Maka perlu peran pemerintah (terkhusus pemerintah daerah) untuk mengatur regulasi
mengenai efek domino kenaikan BBM ini baik masalah kenaikan harga bahan pokok, harga
bensin enceran, harga angkutan umum dan transportasi lainnya, meningkatkan harga komiditi
(pala, cengkeh, kopra) sebagai hasil pertanian umum masyarakat Maluku Utara sebagai bentuk
stabilitas.
Dan sudah umum bahwa pemerintah pusat harus berani melakukan revitalisasi aset
nasional. Hentikan liberalisasi sektor perminyakan, politik luar negeri yang berpihak pada asing
(kapitalisme), memberantas penimbunan BBM dan penyalahgunaan BBM.

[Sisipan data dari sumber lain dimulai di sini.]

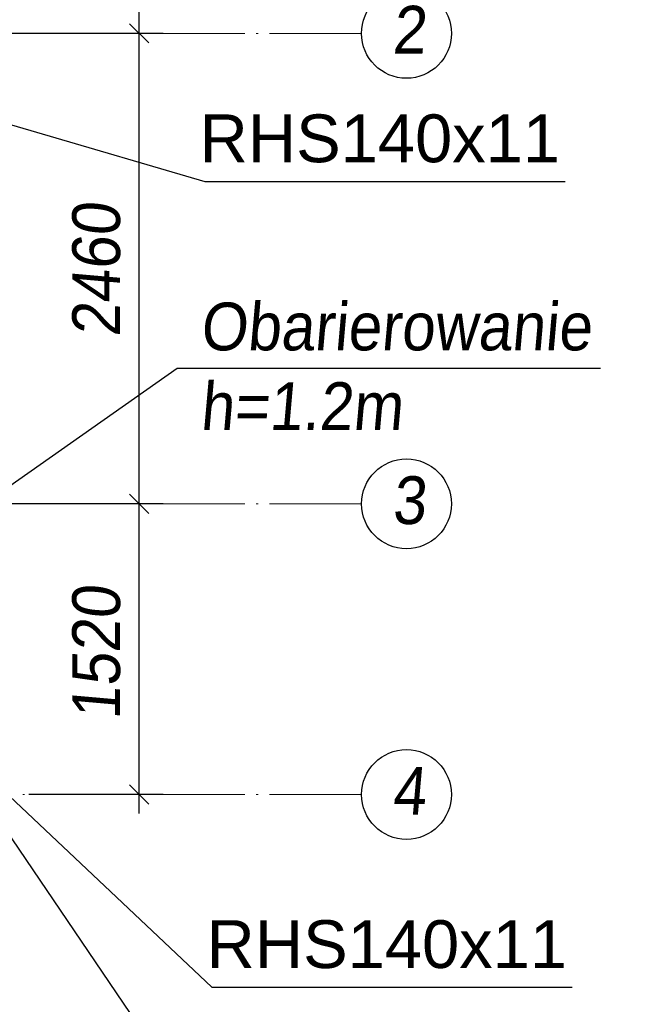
# Paper-space layout 'A0 Advance Steel' of a CAD drawing. Header units: millimetres. Extents: x 228 to 822, y 214 to 634.
# Tile 20 of 76: x 496 to 529, y 261 to 313. Entities that reach past the tile are written whole.
import ezdxf

# ---------------------------------------------------------------- set-up
doc = ezdxf.new("R2010")
doc.units = ezdxf.units.MM
doc.linetypes.add('ACAD_ISO04W100', pattern=[30, 24, -3, 0, -3])
doc.layers.get('0').update_dxf_attribs({"linetype": 'CONTINUOUS'})
doc.layers.add('AS_DIM_ON', color=7, linetype='CONTINUOUS')
doc.styles.add('Arial', font='arial.ttf')
doc.styles.add('ARIAL_1', font='arial.ttf', dxfattribs={"width": 0.9, "oblique": 5})

# ---------------------------------------------------------------- blocks, each defined once
blk = doc.blocks.new('324ewdsczxzxcz')
at = {"linetype": 'ACAD_ISO04W100', "lineweight": 5, "ltscale": 0.2}
for p, q in [((378.311, 305.818, -2695.986), (283.147, 305.818, -2695.986)), ((378.311, 281.218, -8093.957), (283.147, 281.218, -8093.957)), ((378.311, 266.018, -2641.446), (283.147, 266.018, -2641.446))]:
    blk.add_line(p, q, dxfattribs=at)
for centre in [(380.658, 305.818, -2695.986), (380.658, 281.218, -8093.957), (380.658, 266.018, -2641.446)]:
    blk.add_circle(centre, 2.347)
at = {"char_height": 2.5, "attachment_point": 1, "style": 'ARIAL_1'}
for s, insert in [('2', (379.903, 307.261, -2695.986)), ('3', (379.903, 282.661, -8093.957)), ('4', (379.903, 267.461, -2641.446))]:
    blk.add_mtext_dynamic_manual_height_columns(s, width=4.31573, gutter_width=12.5, heights=[0], dxfattribs=dict(at, insert=insert))

psp = doc.layouts.new('A0 Advance Steel')

# ---------------------------------------------------------------- linework, layer by layer
at = {"color": 7}
for points in [[(479.471, 312.055), (505.866, 304.317), (524.698, 304.317)], [(479.471, 287.455), (506.229, 262.182), (525.061, 262.182)], [(494.671, 271.555), (506.313, 254.374), (525.145, 254.374)]]:
    psp.add_lwpolyline(points, dxfattribs=at)
at = {"color": 7, "elevation": 33719.902}
psp.add_lwpolyline([(492.796, 286.366), (504.428, 294.546), (526.541, 294.546)], dxfattribs=at)
at = {"layer": 'AS_DIM_ON', "color": 8}
for p, q in [((502.439, 312.055), (502.439, 328.255)), ((503.689, 312.055), (481.471, 312.055)), ((502.439, 287.455), (502.439, 312.055)), ((503.689, 287.455), (481.471, 287.455)), ((502.439, 271.255), (502.439, 287.455)), ((503.689, 272.255), (496.671, 272.255))]:
    psp.add_line(p, q, dxfattribs=at)
at = {"layer": 'AS_DIM_ON', "color": 8, "linetype": 'ByBlock', "lineweight": -2}
for p, q in [((502.939, 311.555), (501.939, 312.555)), ((501.939, 312.555), (502.939, 311.555)), ((502.939, 286.955), (501.939, 287.955)), ((501.939, 287.955), (502.939, 286.955)), ((501.939, 272.755), (502.939, 271.755))]:
    psp.add_line(p, q, dxfattribs=at)

# ---------------------------------------------------------------- block references
psp.add_blockref('324ewdsczxzxcz', (135.742, 6.237, 21392.364))

# ---------------------------------------------------------------- texts
at = {"color": 7, "style": 'Arial'}
for p in [(505.591, 305.317), (505.955, 263.182)]:
    psp.add_text('RHS140x11', height=2.5, dxfattribs=at).set_placement(p)
at = {"insert": (505.616, 297.98, 33719.902), "char_height": 2.5, "attachment_point": 1, "style": 'ARIAL_1'}
psp.add_mtext_dynamic_manual_height_columns('Obarierowanie\\Ph=1.2m', width=13.48639, gutter_width=12.5, heights=[0], dxfattribs=at)
at = {"layer": 'AS_DIM_ON', "color": 9, "style": 'ARIAL_1', "oblique": 5, "width": 0.9}
for s, p in [('2460', (501.439, 296.176)), ('1520', (501.439, 276.151))]:
    psp.add_text(s, height=2.5, rotation=90, dxfattribs=at).set_placement(p)

doc.saveas('drawing.dxf')
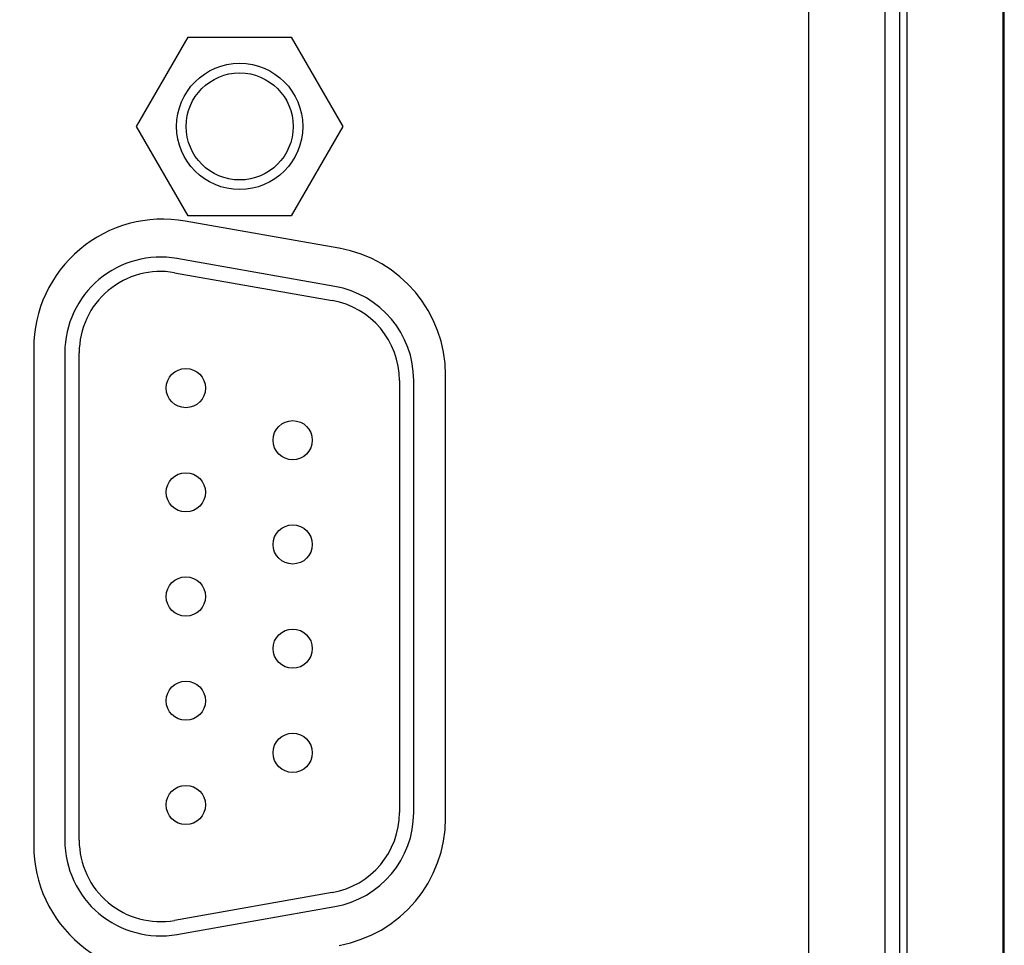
# Model space of a CAD drawing. Header units: inches. Extents: x 0 to 34, y 0 to 22.
# Tile 79 of 112: x 20.5 to 21.5, y 15.5 to 16.5. Entities that reach past the tile are written whole.
import ezdxf

# ---------------------------------------------------------------- set-up
doc = ezdxf.new("R2010")
doc.units = ezdxf.units.IN
doc.header["$LTSCALE"] = 1.87
doc.header["$MEASUREMENT"] = 0
doc.layers.get('0').update_dxf_attribs({"linetype": 'CONTINUOUS'})
doc.layers.add('DIMENSIONS', color=7, linetype='CONTINUOUS')
doc.styles.get("Standard").update_dxf_attribs({"font": 'txt', "width": 0.8})
doc.dimstyles.get("Standard").update_dxf_attribs({"dimtxt": 0.125, "dimasz": 0.18, "dimexe": 0.18, "dimexo": 0.0625, "dimgap": 0.09, "dimtad": 0, "dimtih": 1, "dimtoh": 1, "dimdec": 3, "dimzin": 4, "dimdsep": 46, "dimtxsty": 'STANDARD', "dimblk": '_FILLED', "dimblk1": '_FILLED', "dimblk2": '_FILLED', "dimcen": 0.09, "dimadec": 0, "dimazin": 0, "dimtol": 1, "dimtp": 0.01, "dimtm": 0.01, "dimtfac": 1, "dimtdec": 3, "dimtofl": 0, "dimtmove": 0, "dimatfit": 3, "dimldrblk": '_FILLED', "dimfxl": 1, "dimtolj": 1, "dimtzin": 4, "dimarcsym": 0})

# ---------------------------------------------------------------- blocks, each defined once
blk = doc.blocks.new('_FILLED')
at = {"color": 0, "linetype": 'BYBLOCK'}
blk.add_solid([(0, 0), (-1, 0.1736), (-1, -0.1736)], dxfattribs=at)
blk = doc.blocks.new('*D11')
at = {"layer": 'DIMENSIONS', "color": 2, "linetype": 'CONTINUOUS'}
for p, q in [((17.0001, 15.1639), (17.0001, 15.5239)), ((17.6113, 15.1639), (16.8751, 15.1639)), ((21.1768, 15.1639), (17.8451, 15.1639)), ((19.6149, 14.4211), (16.8751, 14.4211)), ((17.0001, 14.4211), (17.0001, 14.0611))]:
    blk.add_line(p, q, dxfattribs=at)
at = {"layer": 'DIMENSIONS', "color": 2, "linetype": 'CONTINUOUS', "xscale": 0.18, "yscale": 0.18, "zscale": 0.18}
for p, rotation in [((17.0001, 15.1639), 270), ((17.0001, 14.4211), 90)]:
    blk.add_blockref('_FILLED', p, dxfattribs=dict(at, rotation=rotation))
at = {"layer": 'DIMENSIONS', "color": 2, "linetype": 'CONTINUOUS', "width": 0.8}
for s, p in [('.743', (16.6501, 14.9398)), ('[', (16.6501, 14.7523)), (']', (17.2501, 14.7523)), ('18.87', (16.7501, 14.7523))]:
    blk.add_text(s, height=0.125, dxfattribs=at).set_placement(p)
blk = doc.blocks.new('*D20')
at = {"layer": 'DIMENSIONS', "color": 2, "linetype": 'CONTINUOUS'}
for p, q in [((16.2501, 15.3599), (16.2501, 15.7199)), ((16.892, 15.3599), (16.1251, 15.3599)), ((20.5407, 15.3599), (17.0988, 15.3599)), ((19.6149, 14.4211), (16.1251, 14.4211)), ((16.2501, 14.4211), (16.2501, 14.0611))]:
    blk.add_line(p, q, dxfattribs=at)
at = {"layer": 'DIMENSIONS', "color": 2, "linetype": 'CONTINUOUS', "xscale": 0.18, "yscale": 0.18, "zscale": 0.18}
for p, rotation in [((16.2501, 15.3599), 270), ((16.2501, 14.4211), 90)]:
    blk.add_blockref('_FILLED', p, dxfattribs=dict(at, rotation=rotation))
at = {"layer": 'DIMENSIONS', "color": 2, "linetype": 'CONTINUOUS', "width": 0.8}
for s, p in [('.939', (15.9001, 14.7601)), ('[', (15.9001, 14.5726)), (']', (16.5001, 14.5726)), ('23.85', (16.0001, 14.5726))]:
    blk.add_text(s, height=0.125, dxfattribs=at).set_placement(p)

msp = doc.modelspace()

# ---------------------------------------------------------------- linework, layer by layer
at = {"color": 7, "linetype": 'CONTINUOUS'}
for p, q in [((21.5444, 14.5196), (21.5444, 17.7883)), ((21.4429, 15.3535), (21.4429, 16.9544)), ((21.5429, 16.925), (21.5429, 15.3829)), ((21.3394, 16.8656), (21.3394, 15.4423)), ((21.4194, 16.8644), (21.4194, 15.4434)), ((21.4199, 15.4462), (21.4199, 16.8617)), ((21.4349, 16.8617), (21.4349, 15.4462)), ((20.6364, 16.3439), (20.6904, 16.4374)), ((20.6904, 16.4374), (20.7984, 16.4374)), ((20.7984, 16.4374), (20.8524, 16.3439)), ((20.6904, 16.2504), (20.6364, 16.3439)), ((20.8524, 16.3439), (20.7984, 16.2504)), ((20.7984, 16.2504), (20.6904, 16.2504)), ((20.8483, 16.2165), (20.6873, 16.2449)), ((20.8438, 16.1766), (20.6788, 16.2057)), ((20.6762, 16.1909), (20.8412, 16.1618)), ((20.5289, 16.1119), (20.5289, 15.5919)), ((20.5615, 16.1072), (20.5615, 15.5972)), ((20.5765, 15.5972), (20.5765, 16.1072)), ((20.9599, 15.6203), (20.9599, 16.0836)), ((20.9115, 16.0781), (20.9115, 15.6263)), ((20.9265, 15.6263), (20.9265, 16.0781)), ((20.8412, 15.5426), (20.6762, 15.5135)), ((20.6788, 15.4987), (20.8438, 15.5278))]:
    msp.add_line(p, q, dxfattribs=at)
for centre, radius in [((20.7444, 16.3439), 0.066), ((20.7444, 16.3439), 0.056), ((20.6881, 16.0702), 0.0205), ((20.7999, 16.0157), 0.0205), ((20.6881, 15.9612), 0.0205), ((20.7999, 15.9067), 0.0205), ((20.6881, 15.8522), 0.0205), ((20.7999, 15.7977), 0.0205), ((20.6881, 15.7432), 0.0205), ((20.7999, 15.6887), 0.0205), ((20.6881, 15.6342), 0.0205)]:
    msp.add_circle(centre, radius, dxfattribs=at)
for centre, radius, start, end in [((20.6639, 16.1119), 0.135, 80, 180), ((20.8249, 16.0836), 0.135, 0, 80), ((20.6615, 16.1072), 0.1, 80, 180), ((20.6615, 16.1072), 0.085, 80, 180), ((20.8265, 16.0781), 0.1, 0, 80), ((20.8265, 16.0781), 0.085, 0, 80), ((20.8265, 15.6263), 0.085, 280, 360), ((20.8265, 15.6263), 0.1, 280, 360), ((20.8249, 15.6203), 0.135, 280, 360), ((20.6615, 15.5972), 0.1, 180, 280), ((20.6615, 15.5972), 0.085, 180, 280), ((20.6639, 15.5919), 0.135, 180, 280)]:
    msp.add_arc(centre, radius, start, end, dxfattribs=at)

# ---------------------------------------------------------------- dimensions: what is measured, and where the dimension line sits
at = {"layer": 'DIMENSIONS', "color": 2, "linetype": 'CONTINUOUS'}
for base, p2, picture, middle in [((16.2501, 15.3599), (20.5407, 15.3599), '*D20', (16.2501, 14.7288)), ((17.0001, 15.1639), (21.1768, 15.1639), '*D11', (17.0001, 14.9086))]:
    dim = msp.add_linear_dim(base=base, p1=(19.6149, 14.4211), p2=p2, angle=90, dimstyle='Standard', dxfattribs=at)
    dim.commit()
    dim.dimension.update_dxf_attribs({"geometry": picture, "text_midpoint": middle, "dimtype": 160})

doc.saveas('drawing.dxf')

Kenaikan BBM juga berdampak pada efek sosial. Dapat kita lihat dengan banyaknya
gerakan mahasiswa melakukan aksi di seluruh Indonesia. Aksi mahasiswa juga dilakukan oleh
berbagai elemen gerakan mahasiswa di Maluku Utara sebagai bentuk gerakan sosial dan gerakan
ekstraparlementer. Gerakan mahasiswa ini juga turut menjadi benturan dengan pihak keamanan
(kepolisian). Dimana tugas kepolisian yang mengayomi masyarakat dalam keamanan tapi malah
menjadi benturan dengan gerakan mahasiswa. Bahkan aksi-aksi konfrotasi cukup ramai seperti di
Makkasar, Sulawesi Selatan. Ini salah satu efek sosialnya. Seharusnya pemerintah bertanggung
jawab mengenai ini.
Di sisi lain, padahal partai pengusung Joko Widodo, Partai Demokrasi Indonesia
Perjuangan (PDIP) adalah partai yang paling ‘ngotot’ menolak kenaikan harga BBM ketika pada
kepemimpinan SBY. Joko Widodo juga bersikap sama. Tapi kini Joko Widodo ketika berkuasa
bahkan sebelum dilantik sebagai presiden sudah menyatakan keinginan menaikkan harga BBM.
Anomali.
Distorsi. Pasar yang bebas nilai ini nyatanya memang terbukti efektif dalam
mengakumulasi keuntungan, tetapi tidak demikian halnya dalam meningkatkan kesejahteraan.
Demikian pemerintahan seharusnya lahir dari masyarakat, dan secara bersama-sama membangun
suatu lembaga yang bernama negara untuk membela kepentingan mereka bersama.